Baidu shares surged on reports that its artificial-intelligence chip business, Kunlunxin, is preparing a blockbuster stock-market debut in Hong Kong.
According to CNBC, Baidu's Hong Kong-listed shares jumped as much as 7%, with the broadcaster noting the stock rose over 6% amid reports that Kunlunxin is targeting a $50 billion initial public offering in the city.
The move was widely picked up across financial outlets. GuruFocus and Yahoo Finance both framed the rally as a direct response to the AI chip IPO report, while TradingView noted that Baidu's U.S.-listed shares (ticker BIDU) rose overnight on the same catalyst, describing the chip unit as "reportedly" pursuing the listing.
It is worth stressing what is and isn't confirmed. Every source describes the $50 billion figure as a target drawn from reports — phrased as Kunlunxin being "said to" pursue the IPO. Baidu has not, in these items, formally announced terms, timing, or a final valuation.

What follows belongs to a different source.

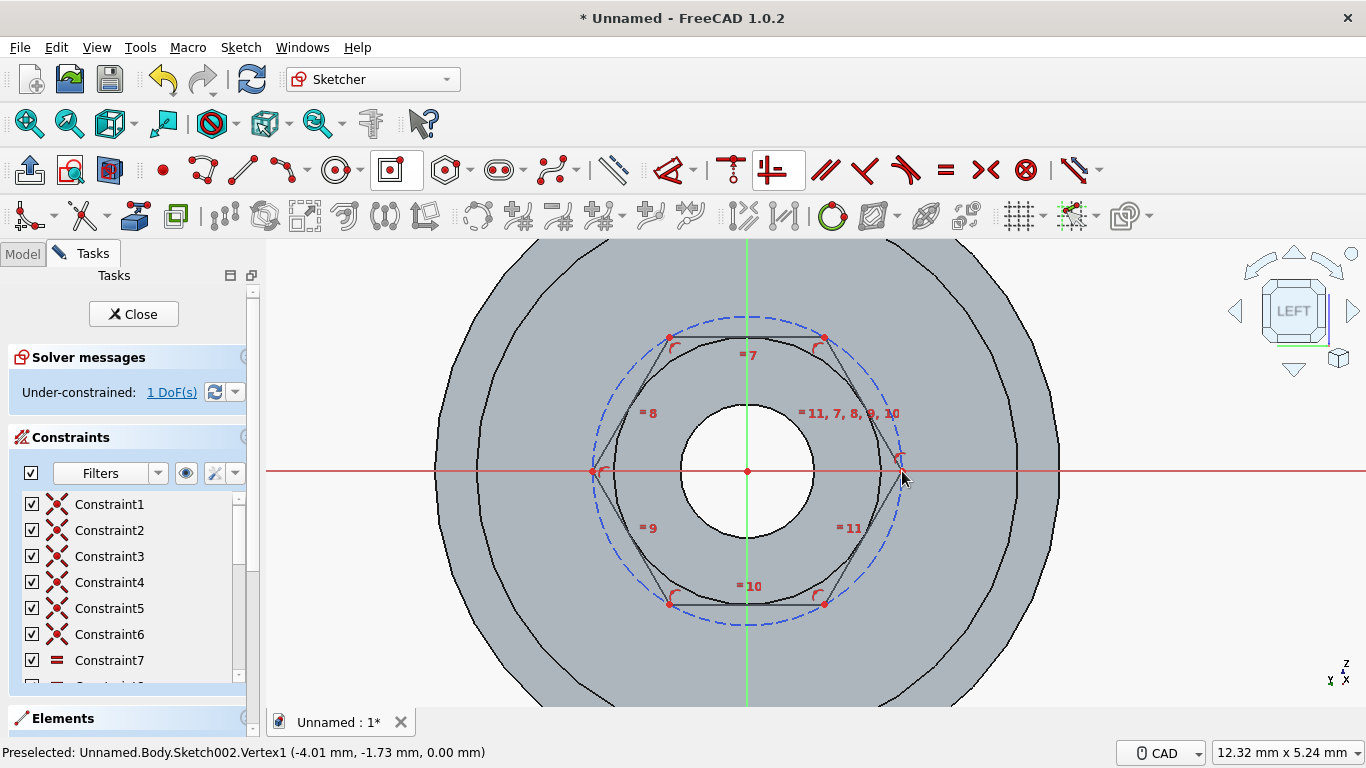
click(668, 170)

The number reflects ambition, not a completed deal.
Why carve out the chip arm at all? Kunlunxin designs the kind of AI processors that power the training and running of large language models — the same category dominated globally by companies like Nvidia. A separate listing would give the unit its own currency to raise money and would let investors value the chip business apart from Baidu's search and cloud operations.
Why it matters: a $50 billion target would rank among the most ambitious tech listings in Hong Kong, signaling investor appetite for a homegrown Chinese alternative to Western AI chipmakers as the global race for semiconductor supremacy intensifies.